John and I realized quickly that we did not want to be in the middle of it, and hired a wedding consultant. We told her point-blank that we didn't really need help with the budget, the invitations, the location, the dress, or any of the myraid things that she usually helped with. Her job was simply to be the referee. I still have vivid memories of all of us sitting in the wedding consultant's conference room and our mothers nearly coming to blows over whether my bridesmaids should wear pastels or jewel tones. I've always been a bit of a tomboy and always worked in male-dominated industries, so while we had plenty of candidates for groomsmen, I had no idea who my bridesmaids were going to be, but our mothers were already fighting over their dresses.
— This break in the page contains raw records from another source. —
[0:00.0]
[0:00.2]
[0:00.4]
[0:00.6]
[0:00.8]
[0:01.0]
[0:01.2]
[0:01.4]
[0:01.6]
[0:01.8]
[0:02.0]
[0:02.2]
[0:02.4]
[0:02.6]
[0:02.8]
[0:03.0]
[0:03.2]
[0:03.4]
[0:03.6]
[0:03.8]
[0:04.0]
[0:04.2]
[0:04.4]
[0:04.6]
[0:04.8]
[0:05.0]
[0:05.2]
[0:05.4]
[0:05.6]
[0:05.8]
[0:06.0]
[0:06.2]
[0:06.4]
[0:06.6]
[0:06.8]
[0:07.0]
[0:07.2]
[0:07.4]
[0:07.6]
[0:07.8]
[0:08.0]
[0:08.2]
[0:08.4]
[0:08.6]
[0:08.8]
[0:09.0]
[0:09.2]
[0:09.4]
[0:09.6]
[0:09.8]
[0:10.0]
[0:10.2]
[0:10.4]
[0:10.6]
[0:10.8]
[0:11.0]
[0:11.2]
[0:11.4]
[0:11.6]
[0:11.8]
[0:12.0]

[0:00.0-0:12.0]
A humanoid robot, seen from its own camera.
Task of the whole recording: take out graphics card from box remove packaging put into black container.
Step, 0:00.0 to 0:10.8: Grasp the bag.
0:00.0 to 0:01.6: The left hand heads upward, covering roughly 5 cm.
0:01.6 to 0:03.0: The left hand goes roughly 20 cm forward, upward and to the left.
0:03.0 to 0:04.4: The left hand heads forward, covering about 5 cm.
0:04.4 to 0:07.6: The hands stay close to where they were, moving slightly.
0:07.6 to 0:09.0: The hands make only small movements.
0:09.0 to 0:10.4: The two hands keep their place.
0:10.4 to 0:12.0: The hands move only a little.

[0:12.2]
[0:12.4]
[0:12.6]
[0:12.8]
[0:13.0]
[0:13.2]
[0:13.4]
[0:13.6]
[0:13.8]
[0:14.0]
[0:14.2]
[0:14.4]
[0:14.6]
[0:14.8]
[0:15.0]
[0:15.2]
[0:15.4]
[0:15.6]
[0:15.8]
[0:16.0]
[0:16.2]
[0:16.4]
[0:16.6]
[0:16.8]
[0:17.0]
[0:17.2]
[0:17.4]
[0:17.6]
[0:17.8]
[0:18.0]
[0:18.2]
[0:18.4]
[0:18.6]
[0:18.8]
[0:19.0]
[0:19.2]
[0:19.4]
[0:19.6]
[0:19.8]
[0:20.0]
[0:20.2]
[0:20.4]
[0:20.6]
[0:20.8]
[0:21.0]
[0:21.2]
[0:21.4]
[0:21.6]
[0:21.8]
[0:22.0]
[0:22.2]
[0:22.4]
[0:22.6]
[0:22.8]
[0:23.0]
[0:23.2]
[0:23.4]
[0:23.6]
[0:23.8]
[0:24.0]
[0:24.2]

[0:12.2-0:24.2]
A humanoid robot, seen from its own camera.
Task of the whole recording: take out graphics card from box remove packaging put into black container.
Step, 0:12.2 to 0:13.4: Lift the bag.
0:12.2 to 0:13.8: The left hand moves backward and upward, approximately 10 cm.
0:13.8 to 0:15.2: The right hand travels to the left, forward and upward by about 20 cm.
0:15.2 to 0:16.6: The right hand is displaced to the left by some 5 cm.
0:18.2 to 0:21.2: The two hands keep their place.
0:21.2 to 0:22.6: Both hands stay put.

One of the things that was never argued over was who would perform the ceremony. John had been friends with Doug (who was both a lawyer and a Baptist minister) for 15 years, and he wanted Doug to marry us. My only stipulation was that I didn't want the first time I met Doug to be when he was asking me "Do you take this man to be your lawfully wedded husband?". We set up a lunch date so I could meet him. It took me all of about 90 seconds to realize that I absolutely adored Doug (and I still do, even though he went and moved to Mexico to teach children of American executives and now I never get to see him), and we found ourselves telling him about how we were hating the wedding planning and the near-constant arguing it brought. Doug pointed out that a wedding didn't have to be that elaborate and told us that "If you had your license already, I could grab two waitresses as witnesses and marry you right here at this table." The thought was appealing, but we were a year away from our planned wedding date, and license applications are only good for 30 days, so of course we didn't have one.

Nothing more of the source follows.